Setting pictures aside, output exactly the lines from the start of the records to the line with "Question: going by", that line included.

## Exercise data
========================================================================

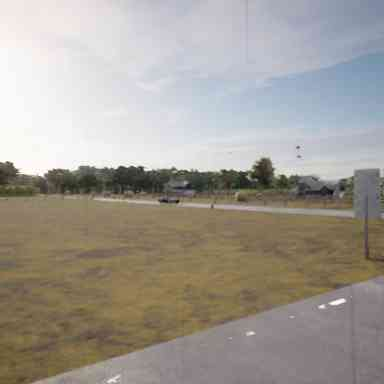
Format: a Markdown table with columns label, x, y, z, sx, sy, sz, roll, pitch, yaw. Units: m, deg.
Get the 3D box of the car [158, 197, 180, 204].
| label | x | y | z | sx | sy | sz | roll | pitch | yaw |
| --- | --- | --- | --- | --- | --- | --- | --- | --- | --- |
| car | -4.178 | 1.522 | 60.280 | 1.895 | 1.301 | 4.718 | -1 | 1 | -35 |
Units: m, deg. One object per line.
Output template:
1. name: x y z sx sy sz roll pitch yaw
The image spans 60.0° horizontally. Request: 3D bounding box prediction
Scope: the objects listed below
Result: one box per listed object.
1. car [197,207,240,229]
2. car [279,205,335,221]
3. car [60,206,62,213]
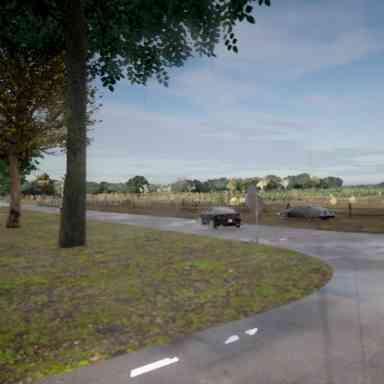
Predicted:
1. car: 1.881 1.808 24.469 1.882 1.535 5.008 -1 -1 -15
2. car: 10.326 1.852 30.312 2.033 1.411 5.357 0 -1 -26
3. car: -18.528 2.448 50.131 1.837 1.490 4.892 -1 0 -35
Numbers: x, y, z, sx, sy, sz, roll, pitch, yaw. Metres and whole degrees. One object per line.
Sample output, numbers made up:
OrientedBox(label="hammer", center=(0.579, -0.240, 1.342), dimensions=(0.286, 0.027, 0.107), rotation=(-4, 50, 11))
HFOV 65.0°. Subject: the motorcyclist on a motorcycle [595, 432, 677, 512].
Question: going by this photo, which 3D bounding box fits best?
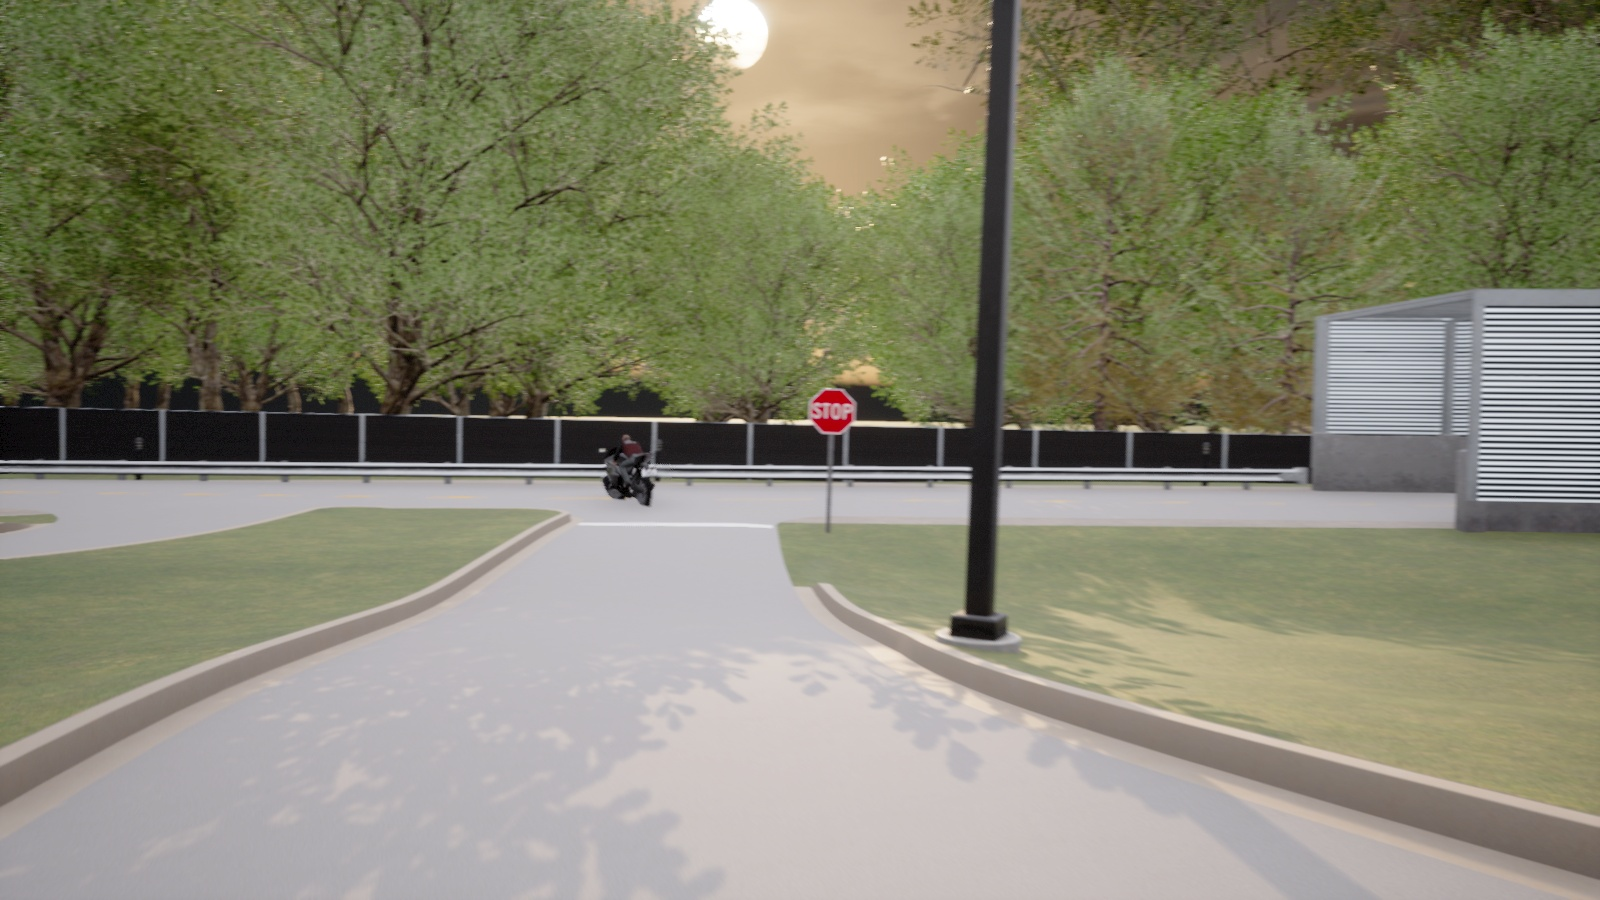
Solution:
OrientedBox(label="motorcyclist on a motorcycle", center=(-3.609, 0.449, 27.425), dimensions=(0.866, 1.530, 2.191), rotation=(-5, 6, -32))
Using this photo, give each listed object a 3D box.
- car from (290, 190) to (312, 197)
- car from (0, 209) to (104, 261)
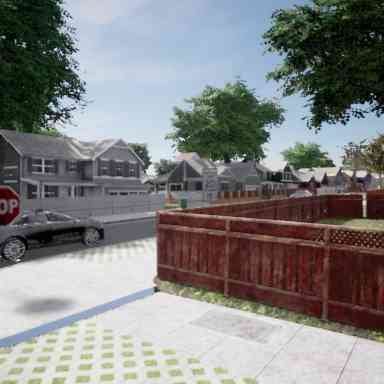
[{"bbox_3d":[15.108,0.509,46.101,2.097,1.767,4.553,0,1,35],"label":"car"},{"bbox_3d":[-5.417,1.370,11.948,2.128,1.511,4.902,0,1,35],"label":"car"}]
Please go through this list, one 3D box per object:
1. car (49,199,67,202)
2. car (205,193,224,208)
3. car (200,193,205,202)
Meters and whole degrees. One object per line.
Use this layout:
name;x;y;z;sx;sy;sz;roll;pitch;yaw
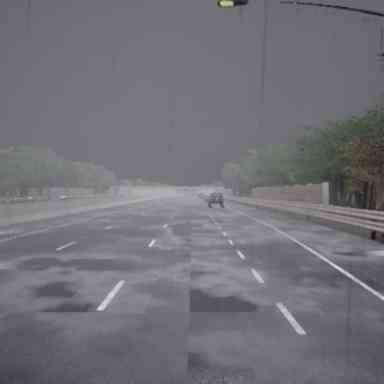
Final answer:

========================================================================

## Task output
Format: a Markdown table with columns label, x, y, z, sx, sy, sz, roll, pitch, yaw. Units: m, deg.
Get the 3D box of the car [158, 197, 180, 204].
| label | x | y | z | sx | sy | sz | roll | pitch | yaw |
| --- | --- | --- | --- | --- | --- | --- | --- | --- | --- |
| car | -4.178 | 1.522 | 60.280 | 1.895 | 1.301 | 4.718 | -1 | 1 | -35 |
Units: m, deg. One object per line.
Output template:
1. name: x y z sx sy sz roll pitch yaw
The image spans 60.0° horizontally. Request: 3D bounding box prediction
Scope: the objects listed below
Result: one box per listed object.
1. car [197,207,240,229]
2. car [279,205,335,221]
3. car [60,206,62,213]
Predicted:
1. car: 1.881 1.808 24.469 1.882 1.535 5.008 -1 -1 -15
2. car: 10.326 1.852 30.312 2.033 1.411 5.357 0 -1 -26
3. car: -18.528 2.448 50.131 1.837 1.490 4.892 -1 0 -35
Numbers: x, y, z, sx, sy, sz, roll, pitch, yaw. Metres and whole degrees. One object per line.
Sample output, numbers made up:
OrientedBox(label="hammer", center=(0.579, -0.240, 1.342), dimensions=(0.286, 0.027, 0.107), rotation=(-4, 50, 11))
HFOV 65.0°. Subject: the motorcyclist on a motorcycle [595, 432, 677, 512].
Question: going by this photo, which 3D bounding box fits best?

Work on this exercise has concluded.